Frühjahr 1882: Als Benjamin Bilse den Mitgliedern seiner Kapelle für eine Konzertreise nach Warschau neben einem ohnehin schon mageren Honorar nur eine Bahnfahrt vierter Klasse spendieren will, verweigern ihm 50 seiner Musiker die Gefolgschaft und beschließen, sich als »Frühere Bilsesche Kapelle« selbständig zu machen. Von Anfang an erhält das junge Ensemble administrative Unterstützung von dem Berliner Konzertagenten Hermann Wolff.

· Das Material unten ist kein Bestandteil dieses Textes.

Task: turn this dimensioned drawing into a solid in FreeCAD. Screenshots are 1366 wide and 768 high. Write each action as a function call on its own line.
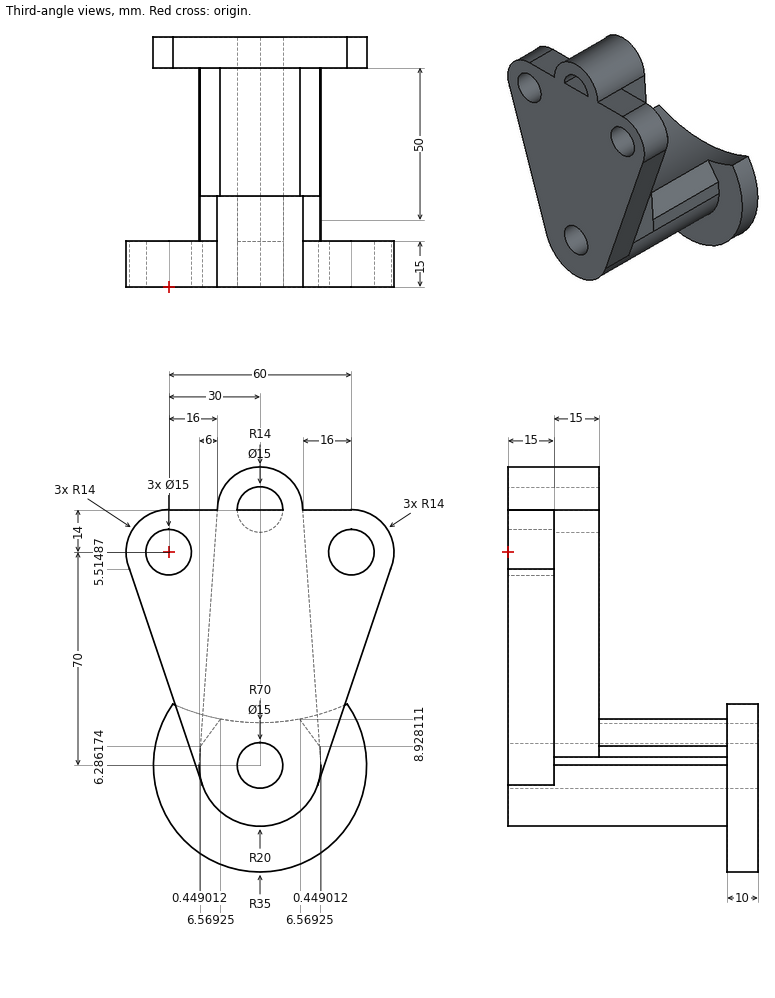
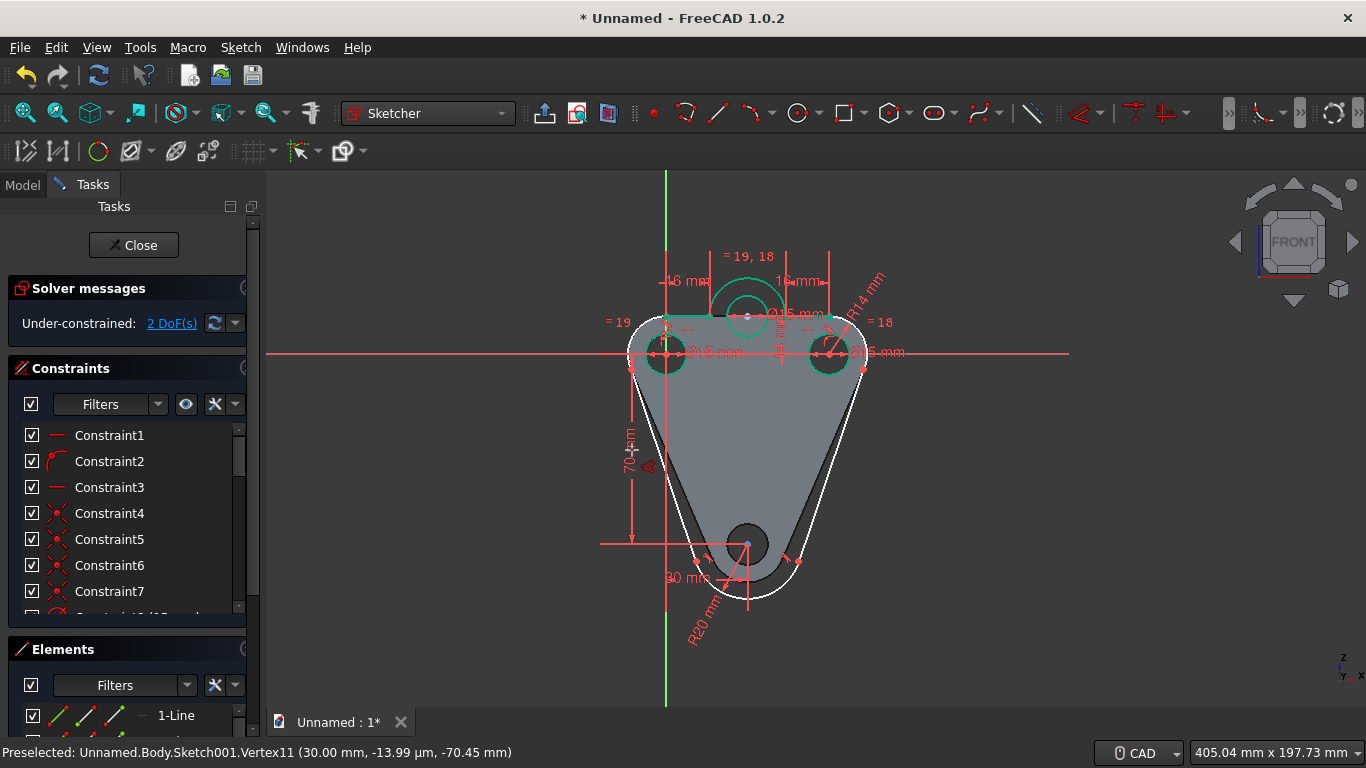
scroll(631, 370, up, 5)

Auf seinen Rat hin ändern die Musiker den Namen ihres Klangkörpers in »Berliner Philharmonisches Orchester«, er sucht auch nach geeigneten Räumlichkeiten und macht eine umgebaute Rollschuhbahn zur ersten »Philharmonie«. Außerdem besorgt er für die von ihm veranstalteten Abonnement-Konzerte den besten Dirigenten ihrer Zeit.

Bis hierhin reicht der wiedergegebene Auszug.